Look for the line with "Horizontal FOV: 42.4°."; please transcribe it and every later line in the entries exactly, up to the end, leaving pictures out.

DATA FOR THE TASK below:

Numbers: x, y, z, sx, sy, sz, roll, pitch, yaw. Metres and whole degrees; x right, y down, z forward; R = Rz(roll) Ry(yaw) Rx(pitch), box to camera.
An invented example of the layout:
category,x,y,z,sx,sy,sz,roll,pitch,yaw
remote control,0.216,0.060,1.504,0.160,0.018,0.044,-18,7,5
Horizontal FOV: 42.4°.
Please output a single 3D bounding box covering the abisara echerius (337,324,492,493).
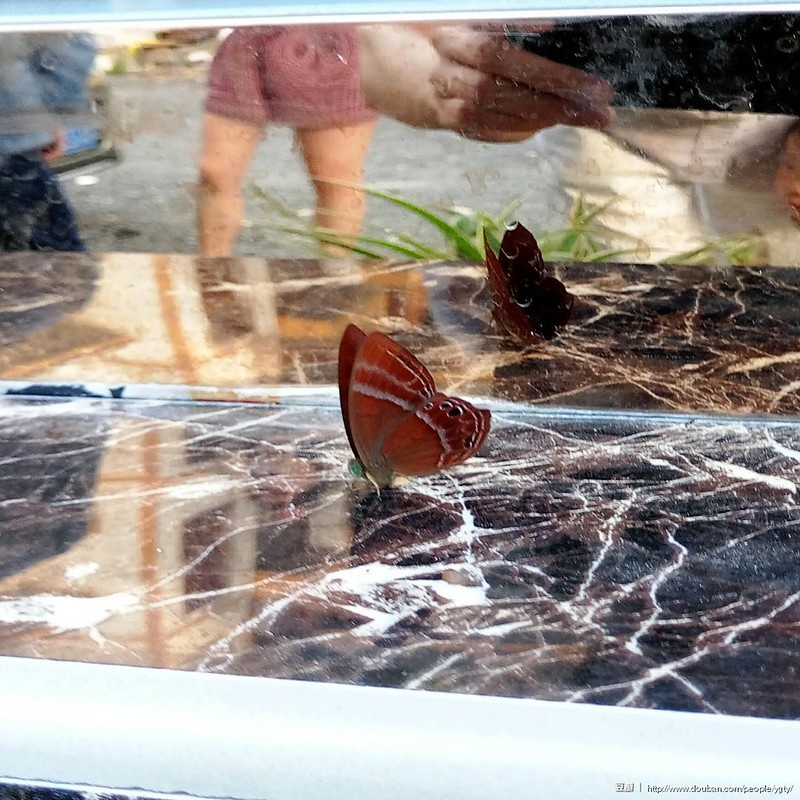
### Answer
category,x,y,z,sx,sy,sz,roll,pitch,yaw
abisara echerius,0.024,0.018,0.862,0.161,0.194,0.122,-4,71,9

End of DATA FOR THE TASK.

RESULT FOR THIS EXERCISE:
Horizontal FOV: 42.4°.
Please output a single 3D bounding box covering the abisara echerius (337,324,492,493).
### Answer
category,x,y,z,sx,sy,sz,roll,pitch,yaw
abisara echerius,0.024,0.018,0.862,0.161,0.194,0.122,-4,71,9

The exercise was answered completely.